Ему тихо отвечали пароль и лозунг. Это был их поручик Волгин, ездивший осматривать цепь.
– Господин подполковник! пикеты и ведеты стоят исправно. У неприятеля движений никаких не видать.
– Нет ли чего нового? Не слышно ли об деле? – спросили Волгина вдруг все офицеры.
– Радуйтесь, господа, – отвечал поручик, не слезая с коня, – я привез к вам добрые вести. Наполеон уже в Сен-Дизье, и нашему маленькому корпусу достанется честь задержать всю армию, которая на нас опрокинется, покуда союзники идут на Париж.

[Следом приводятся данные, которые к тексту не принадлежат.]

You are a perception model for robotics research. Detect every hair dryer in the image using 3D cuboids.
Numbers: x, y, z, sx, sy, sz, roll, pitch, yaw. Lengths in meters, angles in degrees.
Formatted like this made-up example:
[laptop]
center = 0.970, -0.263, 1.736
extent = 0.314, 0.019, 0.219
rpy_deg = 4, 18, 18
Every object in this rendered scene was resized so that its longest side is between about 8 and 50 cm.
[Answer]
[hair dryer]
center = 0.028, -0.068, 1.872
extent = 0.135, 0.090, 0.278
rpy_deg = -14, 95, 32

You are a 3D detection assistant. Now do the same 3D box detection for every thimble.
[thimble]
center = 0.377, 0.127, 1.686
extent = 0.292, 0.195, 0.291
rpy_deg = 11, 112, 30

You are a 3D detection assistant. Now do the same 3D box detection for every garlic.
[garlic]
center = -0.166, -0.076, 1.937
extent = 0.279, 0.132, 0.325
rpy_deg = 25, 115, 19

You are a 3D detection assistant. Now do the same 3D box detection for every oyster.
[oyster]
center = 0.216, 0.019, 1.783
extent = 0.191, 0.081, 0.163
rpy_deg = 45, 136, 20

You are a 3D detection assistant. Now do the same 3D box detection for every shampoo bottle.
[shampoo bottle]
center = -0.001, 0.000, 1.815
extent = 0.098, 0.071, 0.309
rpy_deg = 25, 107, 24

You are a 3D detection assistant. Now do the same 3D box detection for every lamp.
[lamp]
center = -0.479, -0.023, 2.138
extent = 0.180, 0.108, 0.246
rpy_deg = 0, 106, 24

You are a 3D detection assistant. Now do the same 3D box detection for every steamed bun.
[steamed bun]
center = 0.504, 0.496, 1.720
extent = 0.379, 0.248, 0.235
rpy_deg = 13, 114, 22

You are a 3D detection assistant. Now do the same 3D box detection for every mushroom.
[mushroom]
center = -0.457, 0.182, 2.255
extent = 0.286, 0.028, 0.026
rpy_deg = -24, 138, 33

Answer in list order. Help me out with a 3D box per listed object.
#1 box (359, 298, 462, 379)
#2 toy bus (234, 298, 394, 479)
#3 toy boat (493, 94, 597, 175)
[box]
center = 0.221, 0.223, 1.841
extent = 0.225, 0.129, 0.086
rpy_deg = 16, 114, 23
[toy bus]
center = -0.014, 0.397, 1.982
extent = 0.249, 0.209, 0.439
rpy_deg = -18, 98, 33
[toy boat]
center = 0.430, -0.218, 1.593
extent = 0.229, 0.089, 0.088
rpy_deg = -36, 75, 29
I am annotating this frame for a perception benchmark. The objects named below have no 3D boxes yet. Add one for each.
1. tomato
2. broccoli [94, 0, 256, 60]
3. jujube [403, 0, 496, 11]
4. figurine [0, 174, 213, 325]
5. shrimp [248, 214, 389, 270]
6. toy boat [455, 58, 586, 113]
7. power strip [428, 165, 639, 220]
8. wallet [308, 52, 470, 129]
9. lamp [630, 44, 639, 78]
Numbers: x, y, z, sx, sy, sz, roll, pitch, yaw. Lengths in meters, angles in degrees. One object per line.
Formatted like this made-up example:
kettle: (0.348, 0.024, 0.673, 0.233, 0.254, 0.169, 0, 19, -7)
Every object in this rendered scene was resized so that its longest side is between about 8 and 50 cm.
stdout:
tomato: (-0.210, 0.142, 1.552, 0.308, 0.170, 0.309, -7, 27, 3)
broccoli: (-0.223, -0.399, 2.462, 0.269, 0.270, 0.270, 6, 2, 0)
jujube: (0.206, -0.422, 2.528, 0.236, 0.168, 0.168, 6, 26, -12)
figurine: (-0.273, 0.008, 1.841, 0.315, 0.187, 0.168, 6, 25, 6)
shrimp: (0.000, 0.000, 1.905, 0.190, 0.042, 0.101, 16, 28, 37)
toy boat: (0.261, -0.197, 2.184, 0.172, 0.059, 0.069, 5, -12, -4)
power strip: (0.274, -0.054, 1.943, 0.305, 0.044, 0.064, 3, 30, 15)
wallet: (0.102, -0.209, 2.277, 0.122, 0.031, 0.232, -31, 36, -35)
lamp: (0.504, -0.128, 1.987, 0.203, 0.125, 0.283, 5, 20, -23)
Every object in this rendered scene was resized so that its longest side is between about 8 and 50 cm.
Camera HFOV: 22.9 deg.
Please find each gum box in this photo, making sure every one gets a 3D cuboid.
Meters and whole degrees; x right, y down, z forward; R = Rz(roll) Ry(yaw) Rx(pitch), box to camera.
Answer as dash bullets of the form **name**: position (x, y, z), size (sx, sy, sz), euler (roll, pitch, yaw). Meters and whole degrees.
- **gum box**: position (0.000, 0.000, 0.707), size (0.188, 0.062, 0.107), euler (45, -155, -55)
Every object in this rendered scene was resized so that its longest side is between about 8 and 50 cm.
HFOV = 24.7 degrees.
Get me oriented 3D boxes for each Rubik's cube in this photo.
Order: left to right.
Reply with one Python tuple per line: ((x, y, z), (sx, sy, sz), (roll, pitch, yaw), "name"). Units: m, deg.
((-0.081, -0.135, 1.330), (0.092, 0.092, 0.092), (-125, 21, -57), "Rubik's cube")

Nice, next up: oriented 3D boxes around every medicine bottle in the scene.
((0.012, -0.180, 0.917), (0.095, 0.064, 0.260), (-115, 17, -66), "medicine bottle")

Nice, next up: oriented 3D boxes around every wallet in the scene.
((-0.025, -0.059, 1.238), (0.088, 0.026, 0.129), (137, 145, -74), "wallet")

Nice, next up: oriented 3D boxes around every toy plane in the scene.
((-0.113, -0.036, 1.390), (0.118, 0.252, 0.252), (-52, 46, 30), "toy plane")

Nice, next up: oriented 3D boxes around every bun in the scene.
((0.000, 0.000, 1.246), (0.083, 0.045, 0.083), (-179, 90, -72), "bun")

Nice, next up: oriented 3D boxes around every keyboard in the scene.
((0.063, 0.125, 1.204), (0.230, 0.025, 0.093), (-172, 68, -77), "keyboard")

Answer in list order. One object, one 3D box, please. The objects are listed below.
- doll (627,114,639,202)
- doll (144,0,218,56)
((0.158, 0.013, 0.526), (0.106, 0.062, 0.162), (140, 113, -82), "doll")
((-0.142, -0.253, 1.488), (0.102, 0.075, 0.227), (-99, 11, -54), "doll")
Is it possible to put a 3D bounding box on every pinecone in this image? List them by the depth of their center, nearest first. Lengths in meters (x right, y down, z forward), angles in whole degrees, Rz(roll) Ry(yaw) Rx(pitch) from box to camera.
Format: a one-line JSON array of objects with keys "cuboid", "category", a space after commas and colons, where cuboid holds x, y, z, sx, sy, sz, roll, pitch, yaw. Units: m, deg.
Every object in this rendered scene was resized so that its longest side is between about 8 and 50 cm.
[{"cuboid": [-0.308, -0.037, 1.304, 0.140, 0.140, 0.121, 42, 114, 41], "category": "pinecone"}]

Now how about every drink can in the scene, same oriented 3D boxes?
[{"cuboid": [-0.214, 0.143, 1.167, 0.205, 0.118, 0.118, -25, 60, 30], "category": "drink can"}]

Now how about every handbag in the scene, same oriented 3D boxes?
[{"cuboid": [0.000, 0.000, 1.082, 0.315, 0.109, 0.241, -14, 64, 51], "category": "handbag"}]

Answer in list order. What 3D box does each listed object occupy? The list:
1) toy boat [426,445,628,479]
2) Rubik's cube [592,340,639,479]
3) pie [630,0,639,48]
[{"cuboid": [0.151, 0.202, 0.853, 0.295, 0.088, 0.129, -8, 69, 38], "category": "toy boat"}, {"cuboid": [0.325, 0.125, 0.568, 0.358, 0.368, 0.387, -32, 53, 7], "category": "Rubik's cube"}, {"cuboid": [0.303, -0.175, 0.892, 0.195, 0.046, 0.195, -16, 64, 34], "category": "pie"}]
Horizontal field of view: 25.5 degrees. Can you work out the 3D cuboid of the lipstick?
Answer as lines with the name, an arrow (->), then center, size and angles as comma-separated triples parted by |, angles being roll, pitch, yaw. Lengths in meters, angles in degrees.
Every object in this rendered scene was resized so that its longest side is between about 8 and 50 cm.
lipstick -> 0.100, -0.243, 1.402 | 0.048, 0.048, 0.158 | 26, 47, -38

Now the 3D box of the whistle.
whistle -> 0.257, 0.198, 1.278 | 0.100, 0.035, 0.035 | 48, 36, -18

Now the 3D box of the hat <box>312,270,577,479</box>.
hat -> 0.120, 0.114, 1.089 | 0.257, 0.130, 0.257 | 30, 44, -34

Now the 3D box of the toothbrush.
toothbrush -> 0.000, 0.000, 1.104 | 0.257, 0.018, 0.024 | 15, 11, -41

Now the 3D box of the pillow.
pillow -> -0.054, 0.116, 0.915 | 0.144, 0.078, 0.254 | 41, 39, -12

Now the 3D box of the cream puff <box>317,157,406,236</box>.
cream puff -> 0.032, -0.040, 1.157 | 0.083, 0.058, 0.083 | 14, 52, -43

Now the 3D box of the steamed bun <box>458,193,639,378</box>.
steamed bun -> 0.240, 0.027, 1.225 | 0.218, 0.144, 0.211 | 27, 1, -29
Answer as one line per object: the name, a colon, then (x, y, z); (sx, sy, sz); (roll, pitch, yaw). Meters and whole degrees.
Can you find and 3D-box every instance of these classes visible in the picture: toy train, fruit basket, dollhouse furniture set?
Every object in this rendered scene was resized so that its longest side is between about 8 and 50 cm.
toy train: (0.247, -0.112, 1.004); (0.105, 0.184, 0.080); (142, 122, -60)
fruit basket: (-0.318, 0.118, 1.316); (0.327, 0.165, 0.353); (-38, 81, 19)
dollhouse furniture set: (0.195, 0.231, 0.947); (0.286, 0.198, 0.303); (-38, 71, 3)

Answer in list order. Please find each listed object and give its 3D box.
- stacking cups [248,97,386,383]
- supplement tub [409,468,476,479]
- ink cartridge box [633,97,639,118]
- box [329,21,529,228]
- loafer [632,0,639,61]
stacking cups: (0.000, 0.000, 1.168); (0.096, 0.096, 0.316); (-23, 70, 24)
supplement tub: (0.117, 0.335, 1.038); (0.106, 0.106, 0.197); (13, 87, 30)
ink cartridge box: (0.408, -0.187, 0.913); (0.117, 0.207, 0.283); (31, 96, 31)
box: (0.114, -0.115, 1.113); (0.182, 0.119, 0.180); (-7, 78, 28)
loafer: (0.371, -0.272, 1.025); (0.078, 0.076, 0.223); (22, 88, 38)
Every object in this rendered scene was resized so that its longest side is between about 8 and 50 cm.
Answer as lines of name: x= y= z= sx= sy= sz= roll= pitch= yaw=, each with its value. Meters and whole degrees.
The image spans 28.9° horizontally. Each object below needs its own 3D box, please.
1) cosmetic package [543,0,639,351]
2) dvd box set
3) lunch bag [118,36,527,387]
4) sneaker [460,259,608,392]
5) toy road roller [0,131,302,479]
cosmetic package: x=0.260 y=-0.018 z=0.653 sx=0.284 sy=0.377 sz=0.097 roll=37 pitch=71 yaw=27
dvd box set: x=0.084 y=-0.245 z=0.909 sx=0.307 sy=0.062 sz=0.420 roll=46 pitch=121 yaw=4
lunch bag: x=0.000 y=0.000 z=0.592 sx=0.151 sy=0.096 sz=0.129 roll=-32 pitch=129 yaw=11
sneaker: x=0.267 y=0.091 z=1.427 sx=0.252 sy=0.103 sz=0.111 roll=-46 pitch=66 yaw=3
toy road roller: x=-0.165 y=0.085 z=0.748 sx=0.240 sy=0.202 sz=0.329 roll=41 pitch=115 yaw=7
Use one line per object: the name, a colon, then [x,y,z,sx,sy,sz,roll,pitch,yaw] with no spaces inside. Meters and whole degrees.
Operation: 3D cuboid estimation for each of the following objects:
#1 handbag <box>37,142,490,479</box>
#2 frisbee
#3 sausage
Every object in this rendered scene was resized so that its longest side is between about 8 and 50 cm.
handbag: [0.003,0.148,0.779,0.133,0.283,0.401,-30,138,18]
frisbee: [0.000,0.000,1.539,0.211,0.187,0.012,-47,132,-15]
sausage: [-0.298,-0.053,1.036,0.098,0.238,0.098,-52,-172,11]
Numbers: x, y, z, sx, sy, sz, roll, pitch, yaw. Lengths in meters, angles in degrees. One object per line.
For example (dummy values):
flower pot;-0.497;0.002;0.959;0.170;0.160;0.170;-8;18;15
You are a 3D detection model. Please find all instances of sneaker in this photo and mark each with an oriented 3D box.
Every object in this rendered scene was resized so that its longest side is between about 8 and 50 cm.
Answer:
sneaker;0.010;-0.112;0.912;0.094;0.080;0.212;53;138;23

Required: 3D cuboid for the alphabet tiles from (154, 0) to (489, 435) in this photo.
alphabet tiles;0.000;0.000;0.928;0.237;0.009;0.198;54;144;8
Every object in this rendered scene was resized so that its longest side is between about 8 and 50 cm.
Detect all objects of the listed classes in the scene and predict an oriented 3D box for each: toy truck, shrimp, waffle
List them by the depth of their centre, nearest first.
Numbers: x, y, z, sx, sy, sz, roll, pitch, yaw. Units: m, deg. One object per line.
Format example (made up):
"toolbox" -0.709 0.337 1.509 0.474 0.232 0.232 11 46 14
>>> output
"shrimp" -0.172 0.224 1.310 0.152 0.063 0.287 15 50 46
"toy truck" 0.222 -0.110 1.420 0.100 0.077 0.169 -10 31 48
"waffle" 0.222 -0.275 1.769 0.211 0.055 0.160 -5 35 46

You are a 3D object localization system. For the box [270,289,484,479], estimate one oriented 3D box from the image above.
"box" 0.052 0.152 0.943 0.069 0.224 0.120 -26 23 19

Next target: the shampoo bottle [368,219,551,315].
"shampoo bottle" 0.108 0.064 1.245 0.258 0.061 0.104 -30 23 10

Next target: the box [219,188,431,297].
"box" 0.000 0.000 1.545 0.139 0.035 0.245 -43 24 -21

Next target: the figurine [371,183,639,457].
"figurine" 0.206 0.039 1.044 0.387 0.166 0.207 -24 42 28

Говорят, у государя навернулись слезы, когда он простился с нами. Друзья! вряд ли нам выстоять живыми, зато об нас вспомнят в России и от нас поплачут во Франции.
– Слава богу, – сказал радостно подполковник.
– Будет где позвенеть саблями! – воскликнул Струйский. – Смотрите, господин артиллерист, не выдайте нас!
– Не бойтесь, ротмистр! – пылко отвечал артиллерийский офицер, – Мои канониры не раз дрались банниками[13] и даром не сожгут зерна пороху. Только вы, когда у меня не станет картечь, поделитесь со мною подковами и пуговицами, – их много на ваших доломанах, а там будет довольно тепло, чтобы драться нараспашку. Впрочем, когда до того дойдет дело, я буду стрелять последними своими франками!
Офицеры шумели и радовались, будто накануне гулянья; забытый ими огонь спадал и только, вздуваемый ветром, сыпал искры и порою освещал дремлющих гусар, половину верхами, половину у ног коней.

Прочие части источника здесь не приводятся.